Hard to say whether that's a "fair" payout, because it's probably not the only pay on the sidebet (or nobody would play it). It's a component of some bet where the top payout is 4OAK, right? Though perhaps there's a higher one for 4OAK suited or colored? In isolation, no, it's probably not "fair". But if the total sidebet paytable adds up to a HE of maybe 4% or less, it's one of the "fairer" sidebets out there IMO. And 40:1 makes it more attractive to a lot of casinos than 500:1 or some huge payout like that. Too much exposure. 40:1 would also make it possible to pay either better odds on the lower wins, or pay more frequently with more lower hands possible.
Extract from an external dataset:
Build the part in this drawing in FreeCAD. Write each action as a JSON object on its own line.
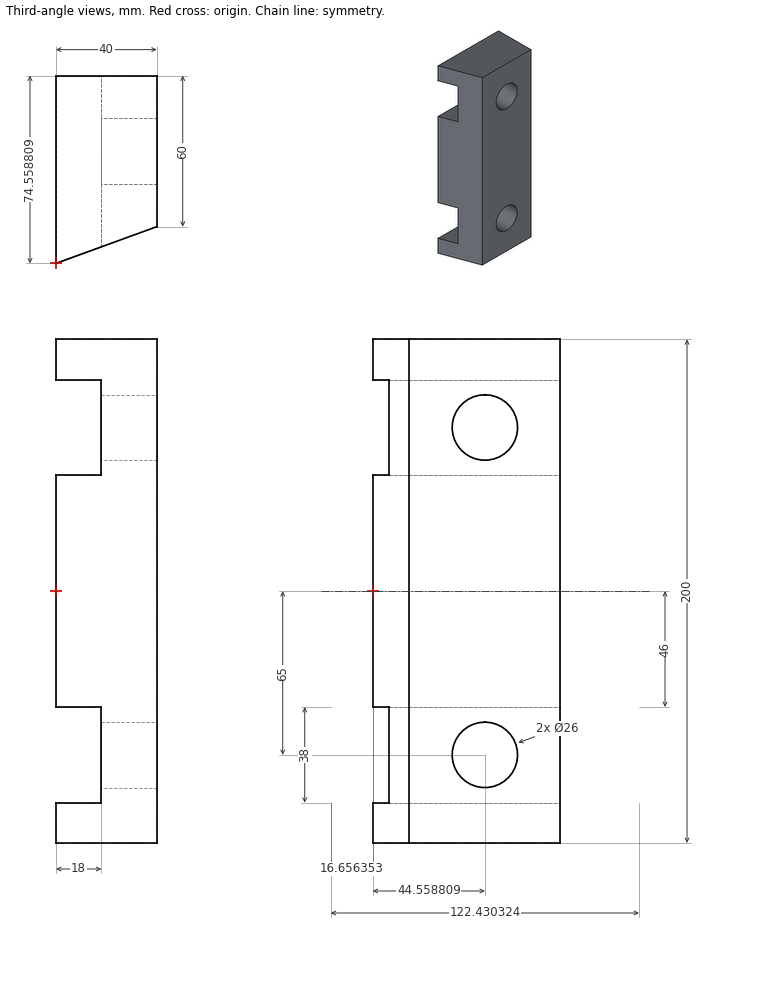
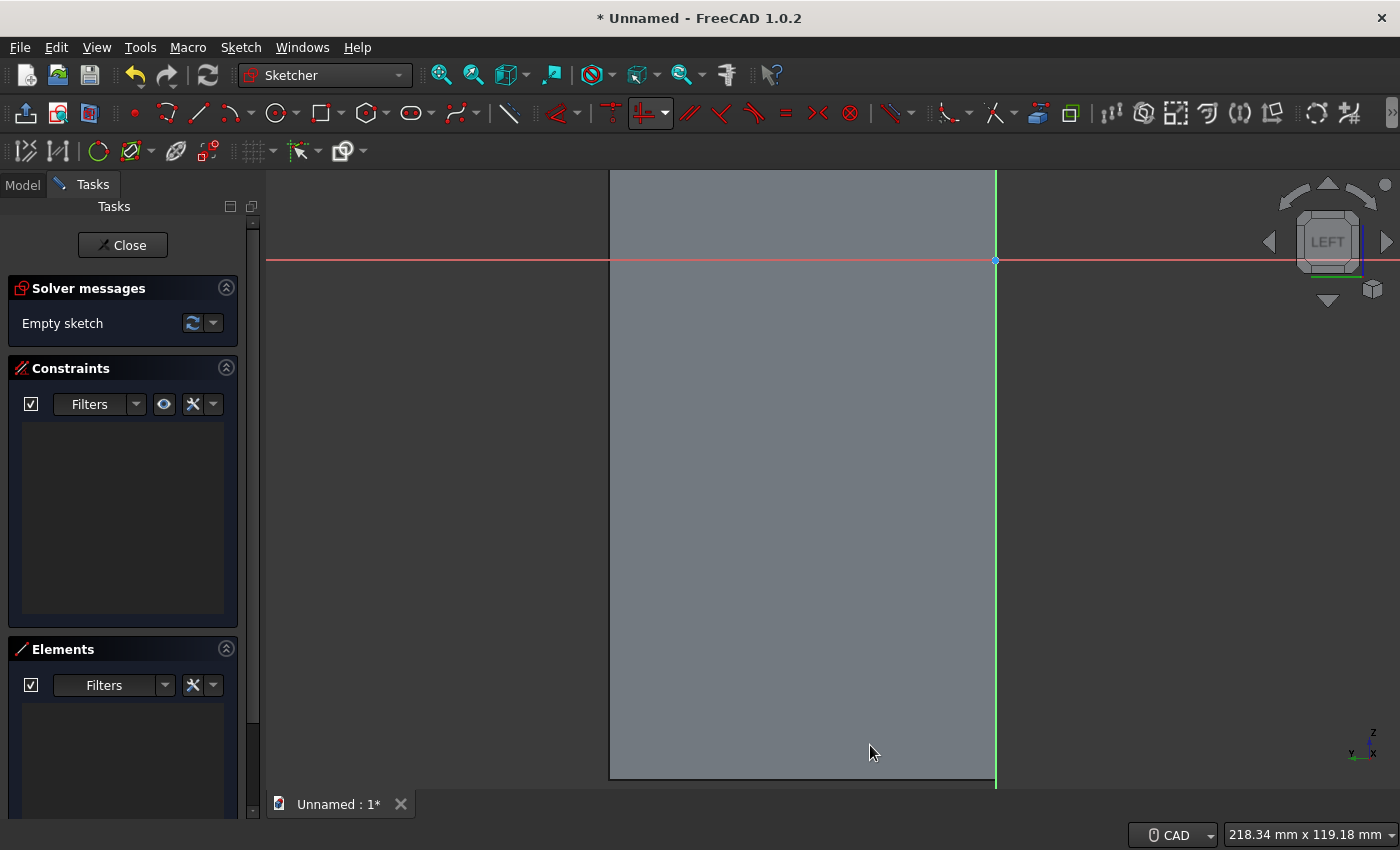
{"action": "left_click", "coordinate": [322, 114]}

Say they paid 500:1 odds. That might make it impossible to pay even money on a pair; instead they'd have to push it or something. Or if they pay 10:1 on 3OAK, they can now only afford to pay 5:1 or 3:1 because the paytable's so top-heavy. I don't know what sidebet they're using, but you have to look at the whole paytable to have some idea whether it's a good bet (given that the Wizard says all sidebets are sucker bets).